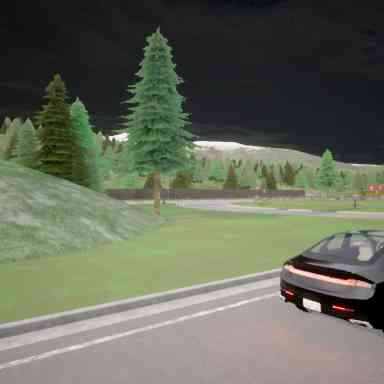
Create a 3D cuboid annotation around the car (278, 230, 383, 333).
[{"bbox_3d":[3.780,1.492,6.424,4.902,1.511,2.128,0,0,-35],"label":"car"}]
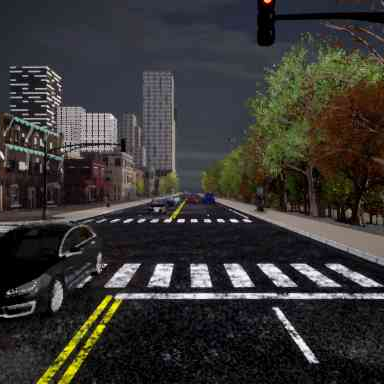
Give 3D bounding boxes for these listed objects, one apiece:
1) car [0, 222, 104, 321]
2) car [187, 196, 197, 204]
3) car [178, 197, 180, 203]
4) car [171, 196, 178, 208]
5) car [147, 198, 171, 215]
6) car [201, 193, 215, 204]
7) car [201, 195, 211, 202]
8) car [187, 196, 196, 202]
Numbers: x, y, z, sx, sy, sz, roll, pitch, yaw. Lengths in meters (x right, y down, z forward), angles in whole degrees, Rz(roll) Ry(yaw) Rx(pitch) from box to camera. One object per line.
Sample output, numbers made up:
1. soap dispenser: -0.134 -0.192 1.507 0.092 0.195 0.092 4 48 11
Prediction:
1. car: -3.367 1.503 7.540 1.837 1.490 4.892 0 0 0
2. car: -0.025 1.540 64.189 1.994 1.385 4.181 0 0 -1
3. car: -3.399 1.500 67.808 1.812 1.442 4.674 0 0 0
4. car: -3.448 1.584 48.461 1.895 1.301 4.718 0 0 0
5. car: -3.474 1.481 34.041 2.128 1.511 4.902 0 0 -3
6. car: 3.217 1.197 63.808 2.150 2.045 5.566 0 0 0
7. car: 3.092 1.448 74.383 1.882 1.535 5.008 0 0 0
8. car: -0.152 1.523 74.141 1.994 1.385 4.181 0 0 0
━━━━━━━━━━━━━━━━━━━━━━━━━━━━━━
--- WHAT TO DO ---
Output only the lines from the one that contains "Numbers: x, y, z, sx, sy, sz, roll, pitch, yaw." through the final line of the records, exactly as given.

--- RESULT FOR THIS TASK ---
Numbers: x, y, z, sx, sy, sz, roll, pitch, yaw. Lengths in meters (x right, y down, z forward), angles in whole degrees, Rz(roll) Ry(yaw) Rx(pitch) from box to camera. One object per line.
Sample output, numbers made up:
1. soap dispenser: -0.134 -0.192 1.507 0.092 0.195 0.092 4 48 11
Prediction:
1. car: -3.367 1.503 7.540 1.837 1.490 4.892 0 0 0
2. car: -0.025 1.540 64.189 1.994 1.385 4.181 0 0 -1
3. car: -3.399 1.500 67.808 1.812 1.442 4.674 0 0 0
4. car: -3.448 1.584 48.461 1.895 1.301 4.718 0 0 0
5. car: -3.474 1.481 34.041 2.128 1.511 4.902 0 0 -3
6. car: 3.217 1.197 63.808 2.150 2.045 5.566 0 0 0
7. car: 3.092 1.448 74.383 1.882 1.535 5.008 0 0 0
8. car: -0.152 1.523 74.141 1.994 1.385 4.181 0 0 0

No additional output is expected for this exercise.